The first season consists of 84 episodes, and is available on Netflix as of July 1, 2017.

== Synopsis ==
The first season tells the story of how Chema Venegas (Mauricio Ochmann) got his start in organized crime and rose through the ranks to become the head of the cartel he runs in "El Señor de los Cielos." El Chema began breaking the law at a young age, transporting marijuana across the US-Mexican border when he was just a boy. Little by little, he worked his way up to become a successful and skillful leader, earning his place through bloodshed and brutality, in the history of drug trafficking. Since he was a young man, El Chema has been one of the most important public enemies of both the U.S. and Mexican governments.

== Cast ==

=== Main ===
- Mauricio Ochmann as El Chema
- Mariana Seoane as María Isabel "Mabel" Castaño
- Julio Bracho as Don Ricardo Almenar Paiva
- Sergio Basañez as Don Tobías Clark
- Itatí Cantoral as Doña Blanca

=== Also main===

- Arcelia Ramírez as Doña Elvira Mendivil
- Leonardo Daniel as Don Alfredo "Feyo" Aguilera
- Fernando Noriega as Eutimio "Rojo" Flores
- Alexandra de la Mora as Inés Clark
- Francisco de la O as Gary Roberts
- Carla Carrillo as Amanda Almenar
- Gustavo Egelhaaf as Saúl Clark
- Jorge Luis Vázquez as Fabricio Ponce
- Alberto Casanova as Coronel Israel Centeno
- Guillermo Quintanilla as Don Isidro Robles
- Ari Brickman as Jeremy Andrews
- Pablo Bracho as Don Joaquín Venegas
- Fernando Solórzano as Don Óscar Cadena
- Sebastián Caicedo as El Tostado Yepes / Eleazar Yepes
- Luis Yeverino as Benito Narváez
- Hiromi Hayakawa as Lucy Li
- Julieta Grajales as Regina Campo
- Jorge Cárdenas as Carlos Rodríguez "El Pelusa"
- Pilar Fernández as Martha
- Adrián Rubio as Freddy Torres
- Daniel Rascón as El Toro
- Alexander Holtmann as Leslie Carroll
- Juan Ignacio Aranda as Ramiro Silva de la Garza
- Hector Molina as Morillo Juárez
- Carlos Balderrama as José Manuel Castillo "Manny"
- Pedro Giunti as Agente López
- Iñaki Goci as El Triste
- Mauricio Rousselon as Ernesto
- Adolfo Madera as Agente Trejo
- Dale Carley as Jones

=== Recurring ===
- Karla Carrillo as Salma Vidal
- Luis Gerónimo Abreu as Nelson Martínez "El Veneco"

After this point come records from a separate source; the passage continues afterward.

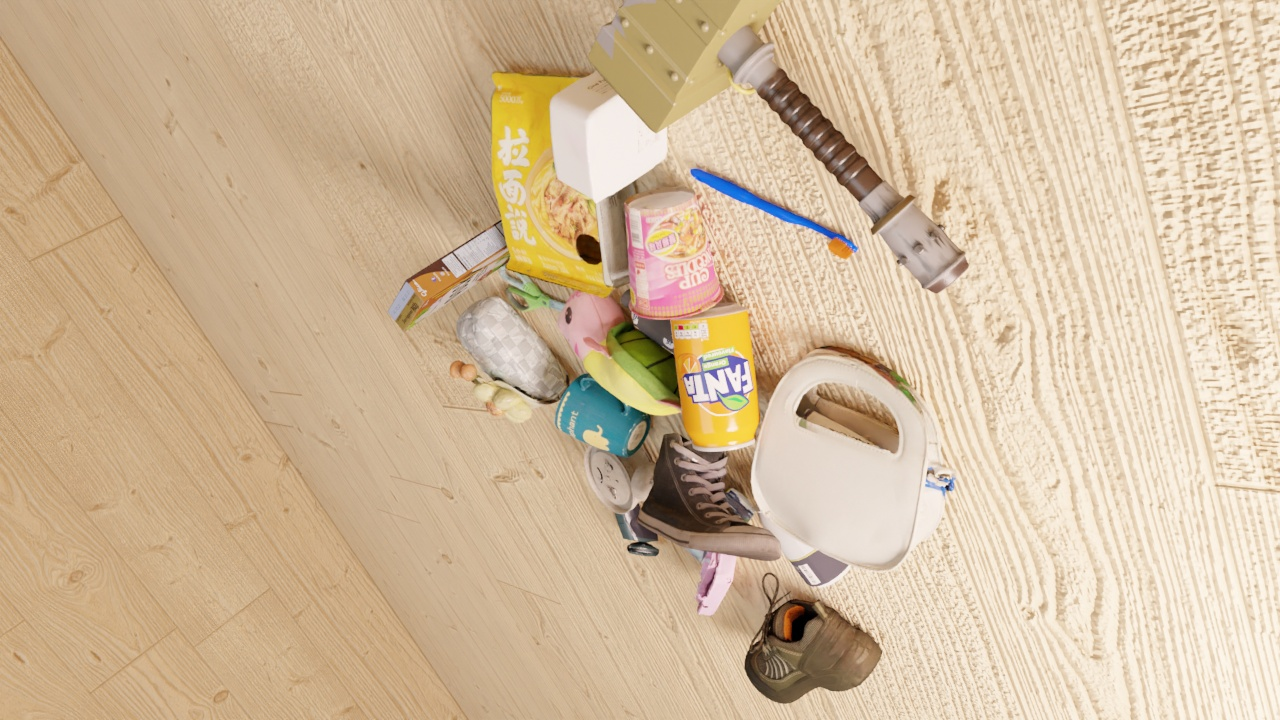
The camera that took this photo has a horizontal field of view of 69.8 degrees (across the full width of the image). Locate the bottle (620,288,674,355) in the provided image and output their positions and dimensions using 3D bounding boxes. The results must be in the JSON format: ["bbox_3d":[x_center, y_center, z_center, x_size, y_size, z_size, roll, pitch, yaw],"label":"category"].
[{"bbox_3d":[0.025,-0.043,1.013,0.112,0.046,0.047,35,145,22],"label":"bottle"}]

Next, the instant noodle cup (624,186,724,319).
[{"bbox_3d":[0.028,-0.110,0.905,0.098,0.097,0.109,17,128,42],"label":"instant noodle cup"}]

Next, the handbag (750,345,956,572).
[{"bbox_3d":[0.208,0.085,0.898,0.201,0.092,0.200,24,119,36],"label":"handbag"}]

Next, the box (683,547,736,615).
[{"bbox_3d":[0.088,0.251,1.213,0.202,0.073,0.149,97,158,-63],"label":"box"}]

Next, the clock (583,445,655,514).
[{"bbox_3d":[-0.010,0.154,1.245,0.157,0.061,0.103,11,119,50],"label":"clock"}]

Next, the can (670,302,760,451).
[{"bbox_3d":[0.077,0.015,0.937,0.079,0.079,0.142,2,102,51],"label":"can"}]

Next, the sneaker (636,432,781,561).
[{"bbox_3d":[0.082,0.153,1.039,0.095,0.120,0.235,14,179,-23],"label":"sneaker"}]

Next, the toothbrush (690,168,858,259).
[{"bbox_3d":[0.115,-0.135,0.831,0.182,0.018,0.016,31,168,27],"label":"toothbrush"}]

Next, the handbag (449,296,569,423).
[{"bbox_3d":[-0.192,0.003,1.257,0.171,0.123,0.113,52,155,-14],"label":"handbag"}]

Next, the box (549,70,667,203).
[{"bbox_3d":[-0.034,-0.216,0.852,0.076,0.107,0.103,35,146,30],"label":"box"}]

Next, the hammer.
[{"bbox_3d":[0.126,-0.181,0.692,0.325,0.100,0.191,48,148,3],"label":"hammer"}]

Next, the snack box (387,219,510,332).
[{"bbox_3d":[-0.210,-0.111,1.100,0.031,0.185,0.101,52,148,-2],"label":"snack box"}]

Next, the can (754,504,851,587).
[{"bbox_3d":[0.182,0.192,1.042,0.127,0.064,0.064,53,148,-4],"label":"can"}]

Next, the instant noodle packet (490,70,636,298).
[{"bbox_3d":[-0.085,-0.193,0.976,0.163,0.084,0.222,18,130,38],"label":"instant noodle packet"}]

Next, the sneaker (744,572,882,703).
[{"bbox_3d":[0.181,0.357,1.179,0.143,0.100,0.239,48,144,-4],"label":"sneaker"}]

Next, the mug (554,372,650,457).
[{"bbox_3d":[-0.044,0.065,1.177,0.104,0.084,0.112,28,140,22],"label":"mug"}]

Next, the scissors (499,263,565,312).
[{"bbox_3d":[-0.119,-0.071,1.196,0.176,0.032,0.078,32,141,33],"label":"scissors"}]

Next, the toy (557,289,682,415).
[{"bbox_3d":[-0.006,0.006,1.058,0.238,0.088,0.190,43,-178,28],"label":"toy"}]

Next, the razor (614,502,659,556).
[{"bbox_3d":[-0.014,0.227,1.347,0.047,0.052,0.143,-3,111,50],"label":"razor"}]

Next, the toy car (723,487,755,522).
[{"bbox_3d":[0.114,0.187,1.151,0.048,0.033,0.106,41,158,7],"label":"toy car"}]

=== Special guest stars ===
- Rodrigo Abed as César Silva de la Garza
- Bianca Calderón as Roxana Mondragón
- Marco Pérez as Guadalupe Robles
- Anai Urrego as Lorelay "Lay" Cadena
- Carmen Aub as Rutila Casillas
- Carlos Puente as Pompeyo
- Rafael Amaya as Aurelio Casillas
- Jesús Moré as Omar Terán
- Lambda García as Nerio Pereira
- Isela Vega as Celia
- Luisa Huertas as Nelly
- Plutarco Haza as Dalvio Navarrete / El Ingeniero
- Jorge Luis Moreno as Víctor Casillas Jr.
- Lorena del Castillo as Oficial Evelyn García
- Iván Tamayo as Jorge Elías Salazar
- Vanessa Villela as Emiliana Contreras
- Juan Ríos Cantú as General Daniel Jimenez Arroyo / El Letrudo
- Javier Díaz Dueñas as Don Anacleto "Cleto" Letrán
- Claudia La Gatta as Alina Martínez
- Fernanda Castillo as Mónica Robles
- Wendy de los Cobos as Aguasanta "Tata" Guerra
- Iván Arana as Ismael Casillas Guerra
- Alejandro López as El Super Javi
- Rossana Nájera as Auristela Durán
- Scarlet Gruber as Young Blanca
- Alejandro Speitzer as Young Ricardo Almenar Paiva

== Production ==
The original series is based on the fictional character and is not related to the life of Chapo Guzmán.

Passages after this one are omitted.